Task statement: What is needed is an exact reproduction of the listing, without its pictures.

#####

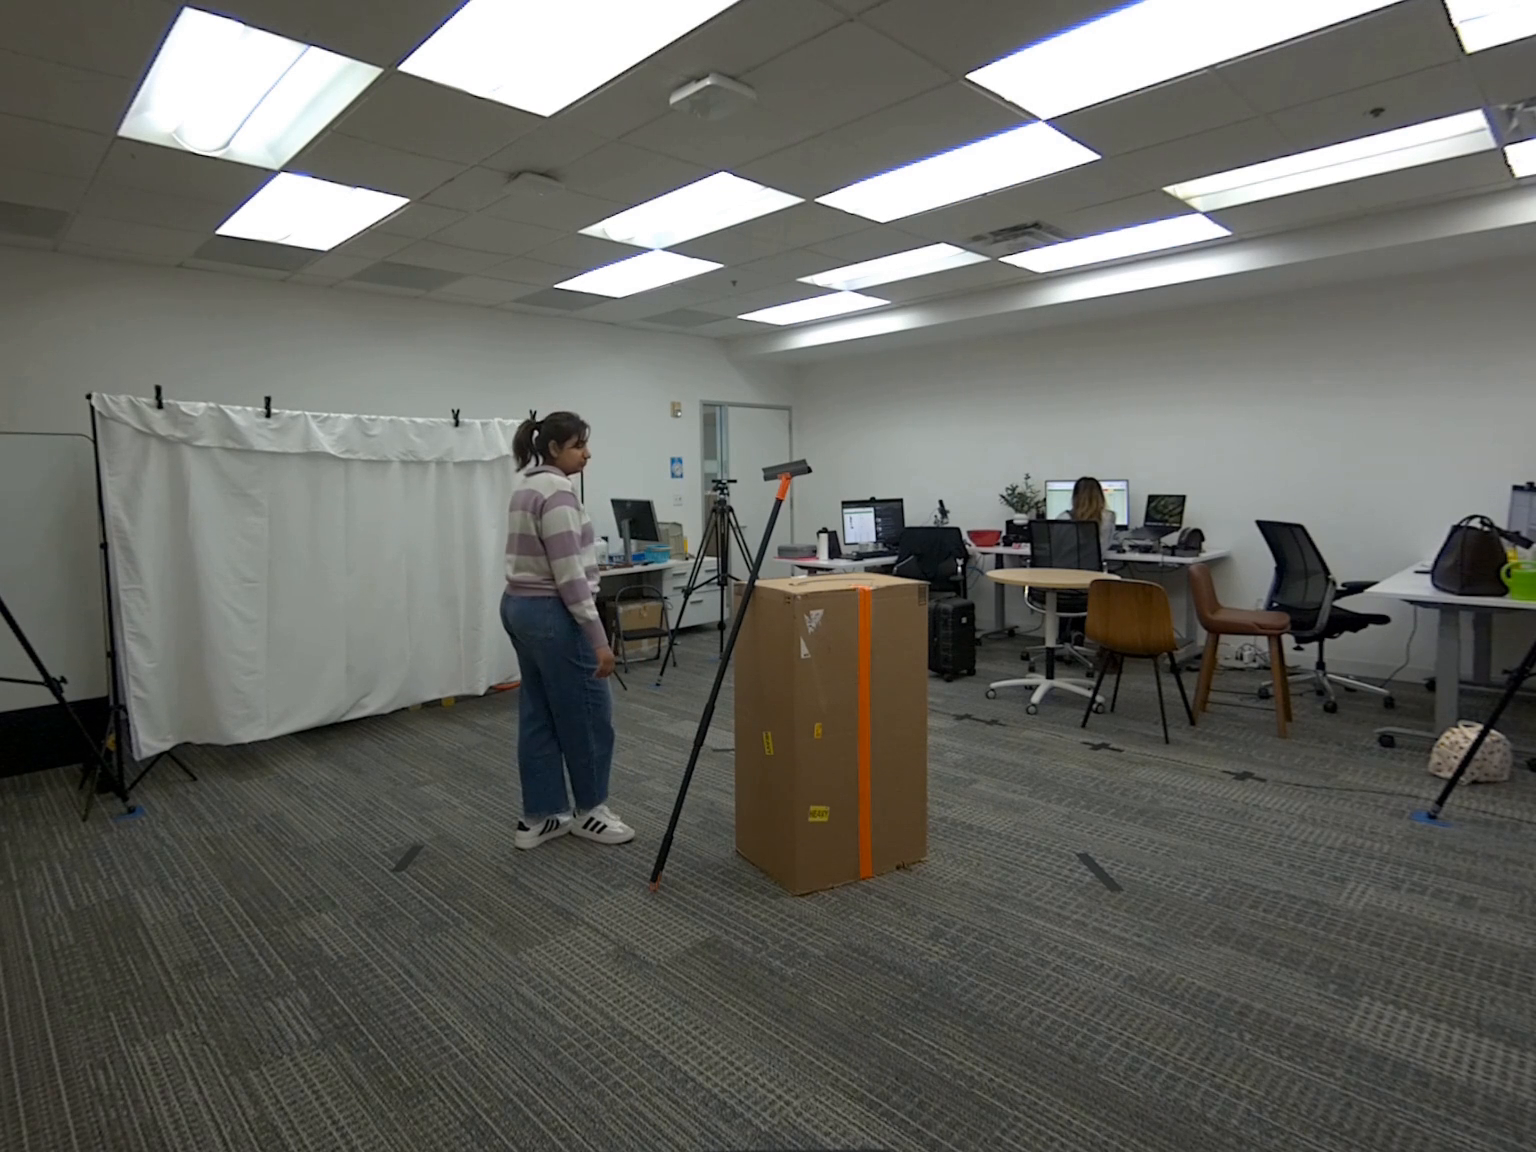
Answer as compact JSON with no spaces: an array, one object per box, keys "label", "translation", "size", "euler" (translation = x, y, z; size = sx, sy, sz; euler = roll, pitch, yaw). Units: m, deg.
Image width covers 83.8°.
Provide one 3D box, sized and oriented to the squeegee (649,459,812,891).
[{"label":"squeegee","translation":[-0.168,0.334,2.999],"size":[0.052,1.544,0.446],"euler":[20,-7,-22]}]
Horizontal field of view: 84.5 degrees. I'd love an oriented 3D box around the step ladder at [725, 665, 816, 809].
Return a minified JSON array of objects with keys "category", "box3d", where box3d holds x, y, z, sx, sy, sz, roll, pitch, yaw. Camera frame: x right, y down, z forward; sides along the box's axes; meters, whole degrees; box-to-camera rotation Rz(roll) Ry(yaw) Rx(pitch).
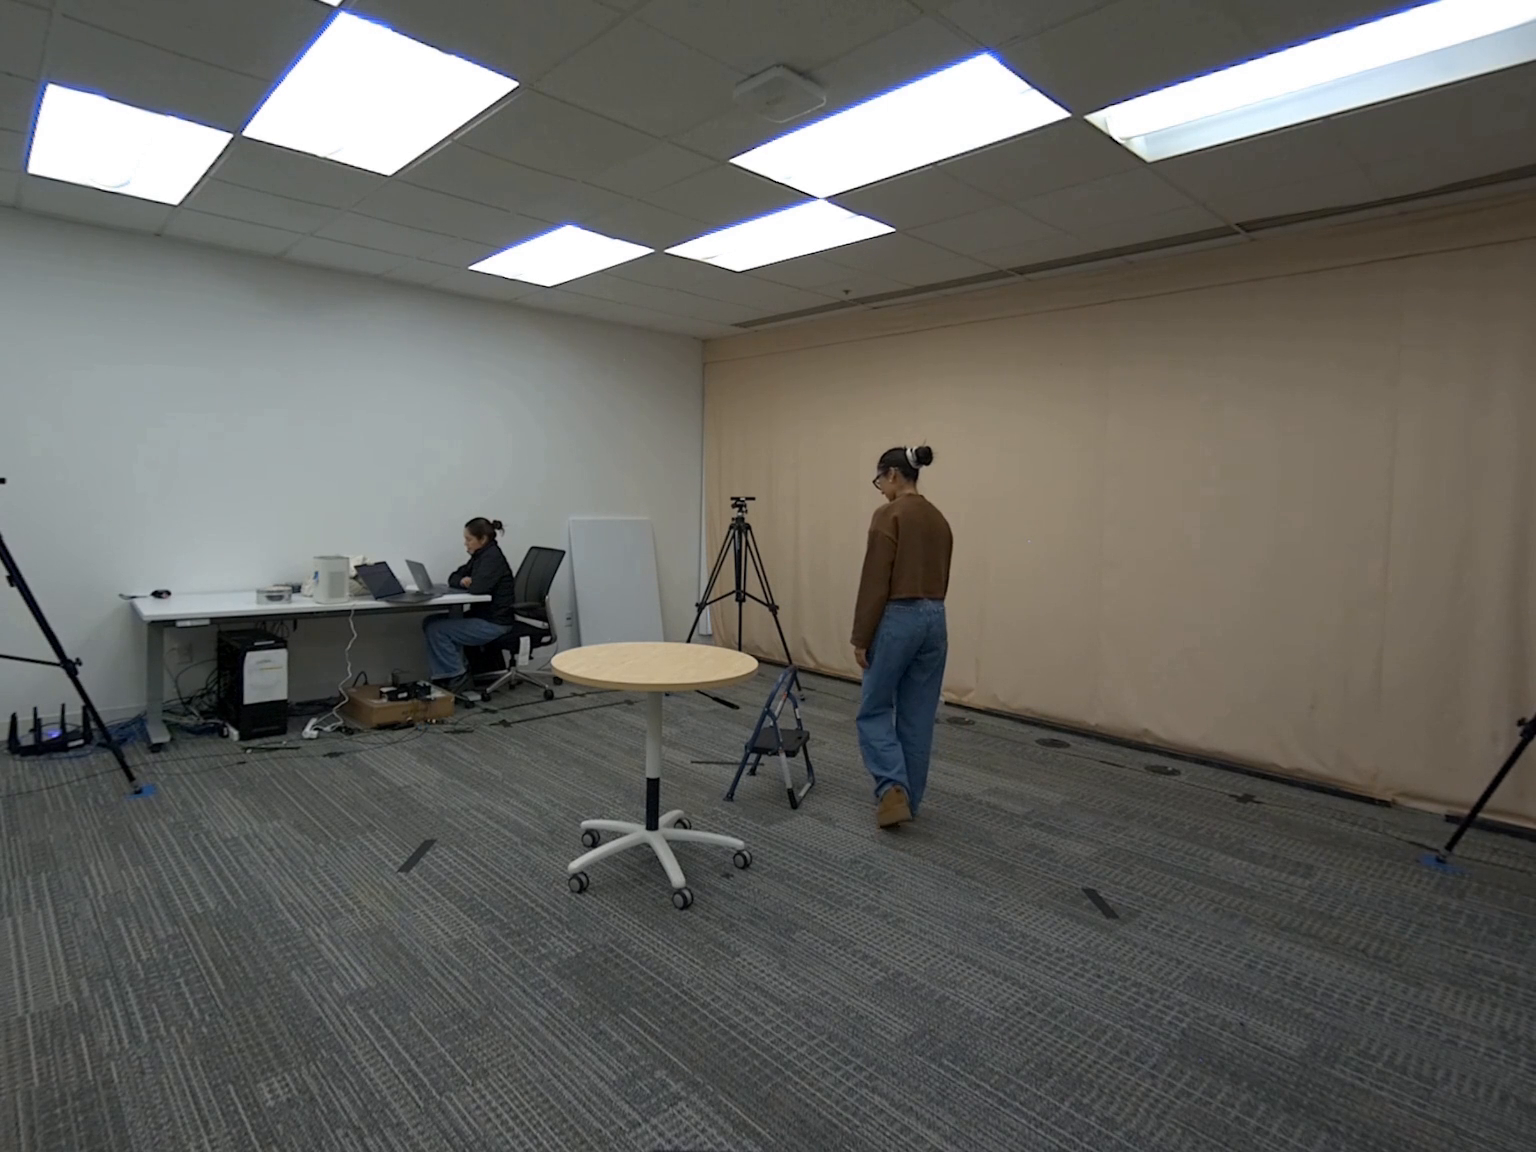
[{"category":"step ladder","box3d":[0.015,0.729,4.026,0.354,0.604,0.426,3,4,15]}]
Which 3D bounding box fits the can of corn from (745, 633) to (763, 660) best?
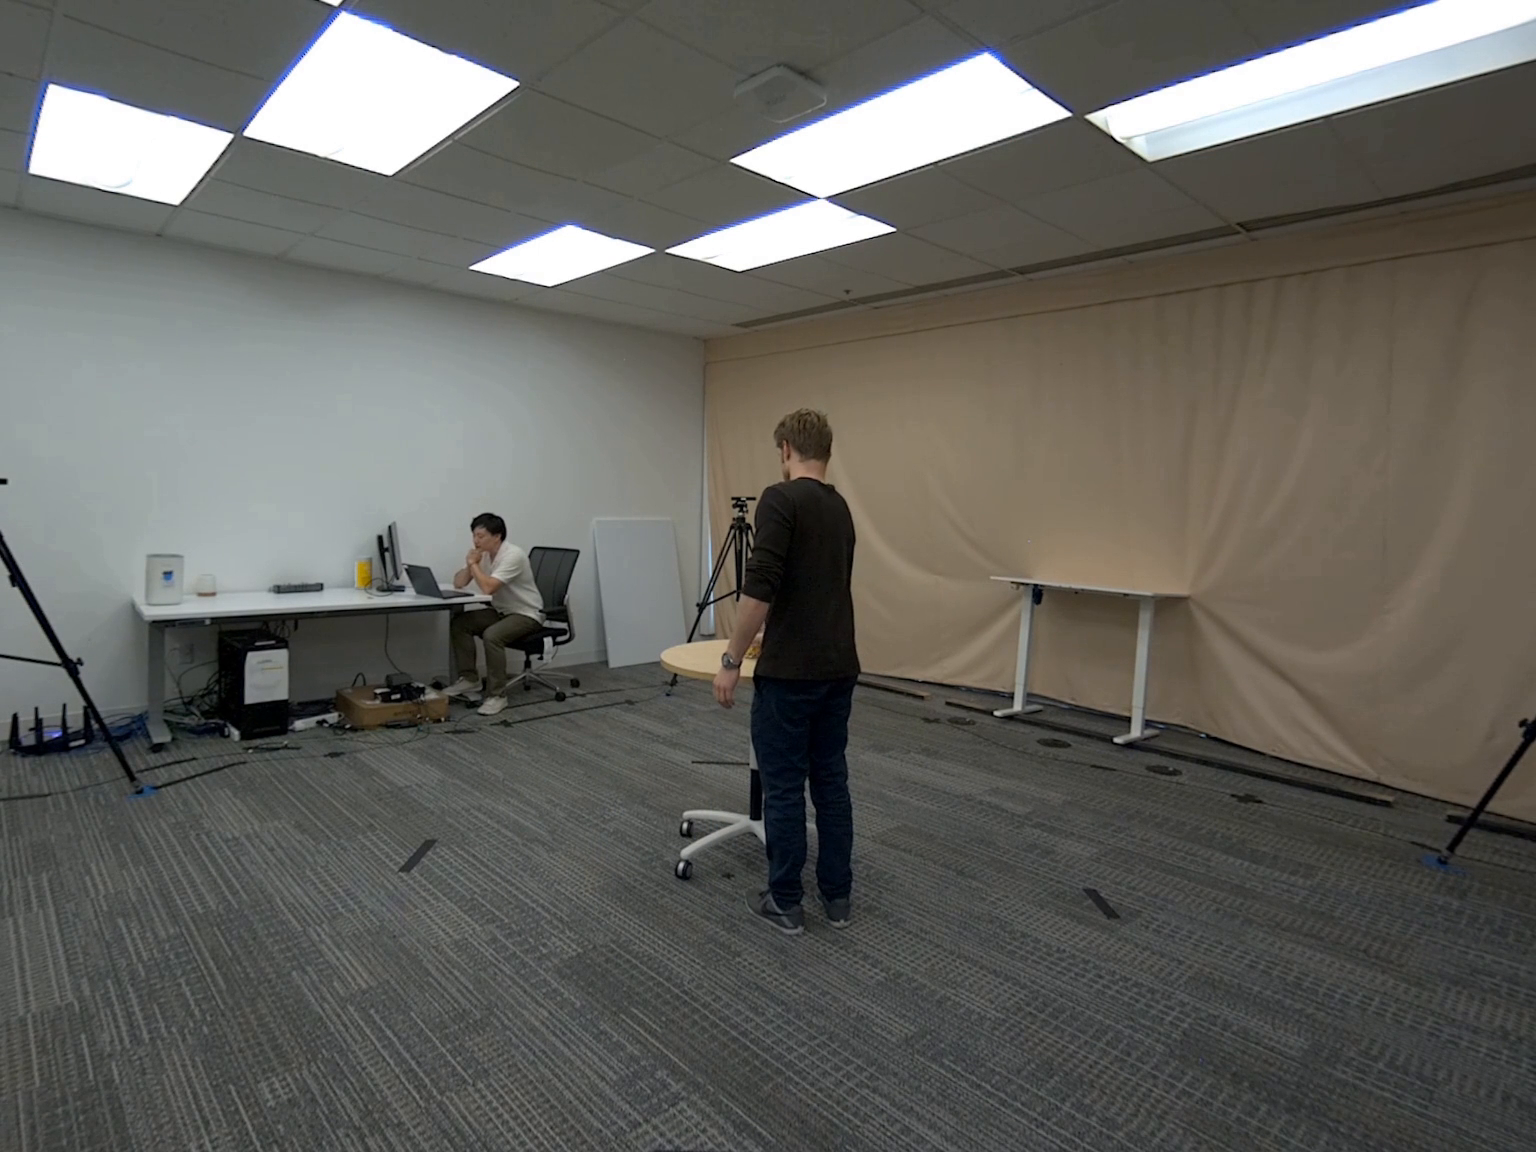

#####

Output of the exercise:
Answer as compact JSON with no spaces: an array, one object per box, keys "label", "translation", "size", "euler" (translation = x, y, z; size = sx, sy, sz; euler = roll, pitch, yaw). Units: m, deg.
Image width covers 83.8°.
Provide one 3D box, sized and oriented to the squeegee (649,459,812,891).
[{"label":"squeegee","translation":[-0.168,0.334,2.999],"size":[0.052,1.544,0.446],"euler":[20,-7,-22]}]
Horizontal field of view: 84.5 degrees. I'd love an oriented 3D box around the step ladder at [725, 665, 816, 809].
Return a minified JSON array of objects with keys "category", "box3d", where box3d holds x, y, z, sx, sy, sz, roll, pitch, yaw. Camera frame: x right, y down, z forward; sides along the box's axes; meters, whole degrees; box-to-camera rotation Rz(roll) Ry(yaw) Rx(pitch).
[{"category":"step ladder","box3d":[0.015,0.729,4.026,0.354,0.604,0.426,3,4,15]}]
Which 3D bounding box fits the can of corn from (745, 633) to (763, 660) best?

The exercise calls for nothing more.